Pyongyang hopes to secure substantial increases in oil aid through nuclear negotiations. (AP Images/Ahn Young-joon)

Mistrust pervades Washington’s dealings with Pyongyang so thoroughly that any deal, however seemingly straightforward, prompts a double-take. Even as UN inspectors confirmed (Korea Times) North Korea had turned off its primary nuclear reactor under terms agreed following February’s Six-Party Talks, U.S. and international officials remain cautious. While hailing the Yongbyon shutdown, Mohamed ElBaradei, the head of the International Atomic Energy Agency, reiterated that other facilities still needed to be inspected and that steps remain toward the ultimate goal of fully decommissioning the reactors (FT).

A new round of talks opens July 18 in Beijing (Xinhua), but even assuming the current wave of shutdowns proceeds as planned, many questions remain unanswered. The Economist argues there is good reason to doubt Pyongyang will easily agree to the next demand: fully disclosing its nuclear activities and moving toward a complete disarmament of the Korean peninsula. For starters, negotiators have been here before, and with little to show for it. The July 2007 developments simply return negotiations to where they were in 1994, after a deal reached by President Clinton stemmed North Korea’s plutonium production. But as this CFR.org Crisis Guide explains, Pyongyang is believed to have gone ahead with uranium enrichment, a different path toward developing nuclear weapons, the 1994 pact notwithstanding. Pyongyang only restarted the Yongbyon reactor in 2002 after President Bush confronted Kim Jong-Il over these separate enrichment activities.

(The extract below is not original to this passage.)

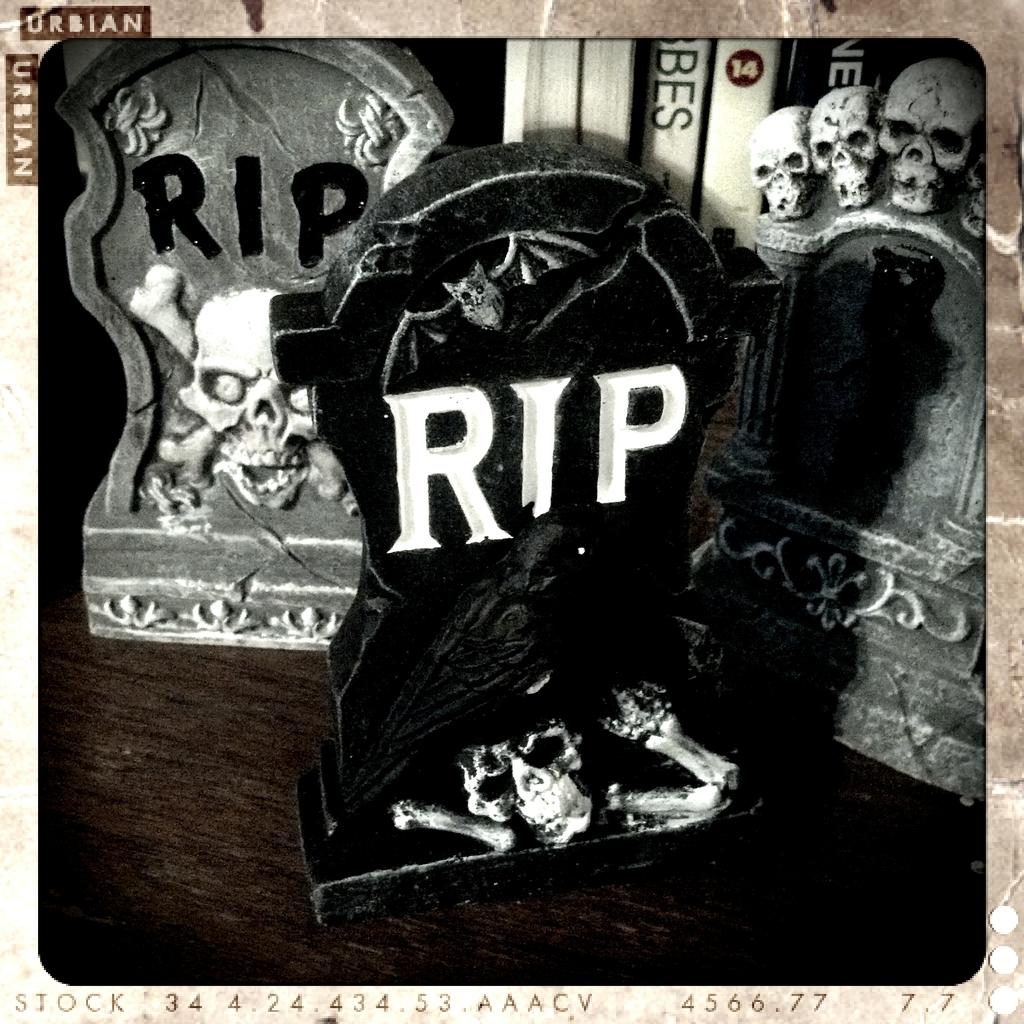What letters are on the tombstone?
Provide a succinct answer. Rip.

Now talks will likely turn back from sticks to carrots, examining whether some form of economic incentives—food and energy aid top the list—might convince Kim to change course, moving negotiations beyond the Clinton-era stalemate. South Korea on July 12 dispatched 6,200 tons of fuel aid to its northern neighbor, but the Asia Times notes Pyongyang may seek major increases in energy aid, perhaps demanding up to 950,000 tons of oil as part of a denuclearization package. Kim Myong Gil, the head of North Korea’s UN delegation in New York, told the Associated Press that Pyongyang would seek major concessions from the United States and would only move forward if Washington acts “in parallel.” Private investment concerns also loom. The Wall Street Journal profiles one Egyptian businessman who is investing $115 million in a North Korean cement plant, one of the largest infusions of foreign investment the country has ever received, but lingering sanctions draw larger-scale foreign investment into question.

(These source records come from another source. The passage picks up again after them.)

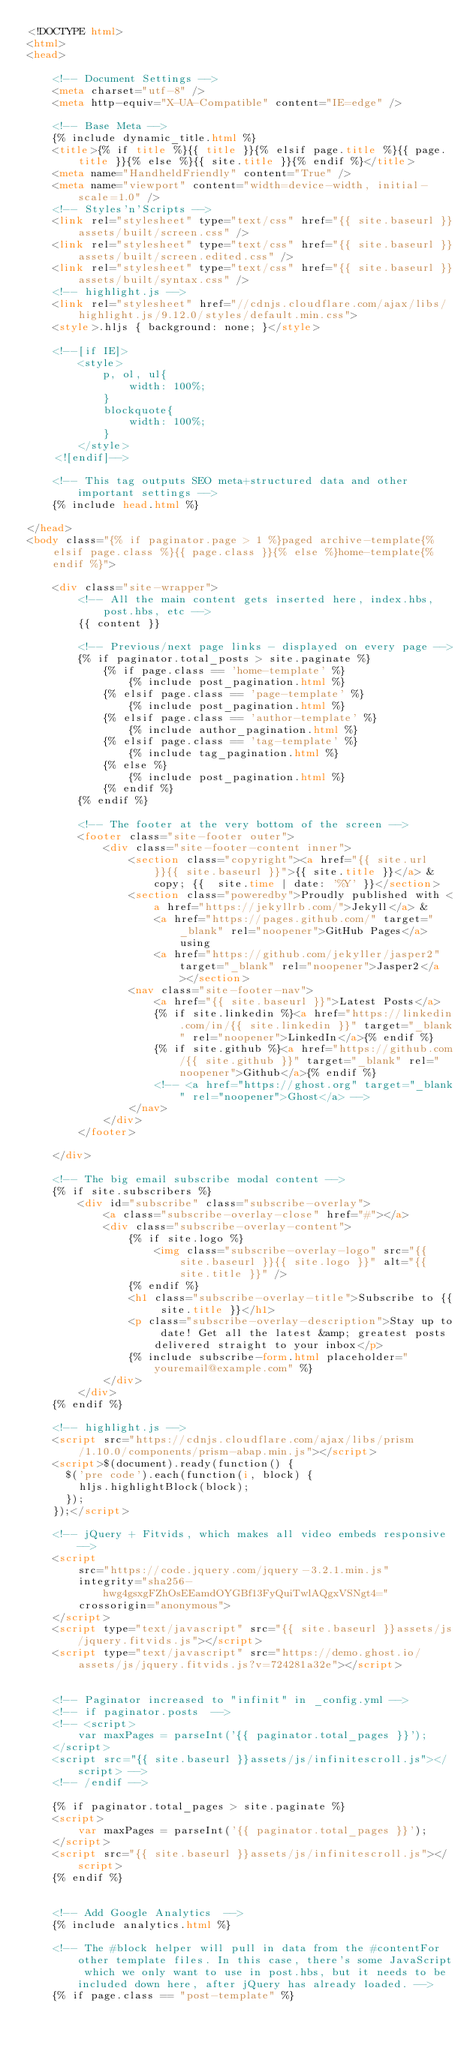<code> <loc_0><loc_0><loc_500><loc_500><_HTML_><!DOCTYPE html>
<html>
<head>

    <!-- Document Settings -->
    <meta charset="utf-8" />
    <meta http-equiv="X-UA-Compatible" content="IE=edge" />

    <!-- Base Meta -->
    {% include dynamic_title.html %}
    <title>{% if title %}{{ title }}{% elsif page.title %}{{ page.title }}{% else %}{{ site.title }}{% endif %}</title>
    <meta name="HandheldFriendly" content="True" />
    <meta name="viewport" content="width=device-width, initial-scale=1.0" />
    <!-- Styles'n'Scripts -->
    <link rel="stylesheet" type="text/css" href="{{ site.baseurl }}assets/built/screen.css" />
    <link rel="stylesheet" type="text/css" href="{{ site.baseurl }}assets/built/screen.edited.css" />
    <link rel="stylesheet" type="text/css" href="{{ site.baseurl }}assets/built/syntax.css" />
    <!-- highlight.js -->
    <link rel="stylesheet" href="//cdnjs.cloudflare.com/ajax/libs/highlight.js/9.12.0/styles/default.min.css">
    <style>.hljs { background: none; }</style>

    <!--[if IE]>
        <style>
            p, ol, ul{
                width: 100%;
            }
            blockquote{
                width: 100%;
            }
        </style>
    <![endif]-->
    
    <!-- This tag outputs SEO meta+structured data and other important settings -->
    {% include head.html %}

</head>
<body class="{% if paginator.page > 1 %}paged archive-template{% elsif page.class %}{{ page.class }}{% else %}home-template{% endif %}">

    <div class="site-wrapper">
        <!-- All the main content gets inserted here, index.hbs, post.hbs, etc -->
        {{ content }}

        <!-- Previous/next page links - displayed on every page -->
        {% if paginator.total_posts > site.paginate %}
            {% if page.class == 'home-template' %}
                {% include post_pagination.html %}
            {% elsif page.class == 'page-template' %}
                {% include post_pagination.html %}
            {% elsif page.class == 'author-template' %}
                {% include author_pagination.html %}
            {% elsif page.class == 'tag-template' %}
                {% include tag_pagination.html %}
            {% else %}
                {% include post_pagination.html %}
            {% endif %}
        {% endif %}

        <!-- The footer at the very bottom of the screen -->
        <footer class="site-footer outer">
            <div class="site-footer-content inner">
                <section class="copyright"><a href="{{ site.url }}{{ site.baseurl }}">{{ site.title }}</a> &copy; {{  site.time | date: '%Y' }}</section>
                <section class="poweredby">Proudly published with <a href="https://jekyllrb.com/">Jekyll</a> &
                    <a href="https://pages.github.com/" target="_blank" rel="noopener">GitHub Pages</a> using
                    <a href="https://github.com/jekyller/jasper2" target="_blank" rel="noopener">Jasper2</a></section>
                <nav class="site-footer-nav">
                    <a href="{{ site.baseurl }}">Latest Posts</a>
                    {% if site.linkedin %}<a href="https://linkedin.com/in/{{ site.linkedin }}" target="_blank" rel="noopener">LinkedIn</a>{% endif %}
                    {% if site.github %}<a href="https://github.com/{{ site.github }}" target="_blank" rel="noopener">Github</a>{% endif %}
                    <!-- <a href="https://ghost.org" target="_blank" rel="noopener">Ghost</a> -->
                </nav>
            </div>
        </footer>

    </div>

    <!-- The big email subscribe modal content -->
    {% if site.subscribers %}
        <div id="subscribe" class="subscribe-overlay">
            <a class="subscribe-overlay-close" href="#"></a>
            <div class="subscribe-overlay-content">
                {% if site.logo %}
                    <img class="subscribe-overlay-logo" src="{{ site.baseurl }}{{ site.logo }}" alt="{{ site.title }}" />
                {% endif %}
                <h1 class="subscribe-overlay-title">Subscribe to {{ site.title }}</h1>
                <p class="subscribe-overlay-description">Stay up to date! Get all the latest &amp; greatest posts delivered straight to your inbox</p>
                {% include subscribe-form.html placeholder="youremail@example.com" %}
            </div>
        </div>
    {% endif %}

    <!-- highlight.js -->
    <script src="https://cdnjs.cloudflare.com/ajax/libs/prism/1.10.0/components/prism-abap.min.js"></script>
    <script>$(document).ready(function() {
      $('pre code').each(function(i, block) {
        hljs.highlightBlock(block);
      });
    });</script>

    <!-- jQuery + Fitvids, which makes all video embeds responsive -->
    <script
        src="https://code.jquery.com/jquery-3.2.1.min.js"
        integrity="sha256-hwg4gsxgFZhOsEEamdOYGBf13FyQuiTwlAQgxVSNgt4="
        crossorigin="anonymous">
    </script>
    <script type="text/javascript" src="{{ site.baseurl }}assets/js/jquery.fitvids.js"></script>
    <script type="text/javascript" src="https://demo.ghost.io/assets/js/jquery.fitvids.js?v=724281a32e"></script>


    <!-- Paginator increased to "infinit" in _config.yml -->
    <!-- if paginator.posts  -->
    <!-- <script>
        var maxPages = parseInt('{{ paginator.total_pages }}');
    </script>
    <script src="{{ site.baseurl }}assets/js/infinitescroll.js"></script> -->
    <!-- /endif -->

    {% if paginator.total_pages > site.paginate %}
    <script>
        var maxPages = parseInt('{{ paginator.total_pages }}');
    </script>
    <script src="{{ site.baseurl }}assets/js/infinitescroll.js"></script>
    {% endif %}


    <!-- Add Google Analytics  -->
    {% include analytics.html %}

    <!-- The #block helper will pull in data from the #contentFor other template files. In this case, there's some JavaScript which we only want to use in post.hbs, but it needs to be included down here, after jQuery has already loaded. -->
    {% if page.class == "post-template" %}</code>

For all due caution, however, most evidence seems to support U.S. envoy Christopher Hill’s assessment that Yongbyon’s shutdown is “a good start” (IHT), even if a quick fix isn’t in the works. North Korea on July 13 revived its calls for direct military talks (NYT) with the United States, raising hopes that agreement over Yongbyon could prompt an eventual peace accord, replacing the armistice agreement that ended the 1950-53 Korean War. The FT says any such negotiations would likely center on the normalization of bilateral ties and the withdrawal of U.S. troops from South Korea.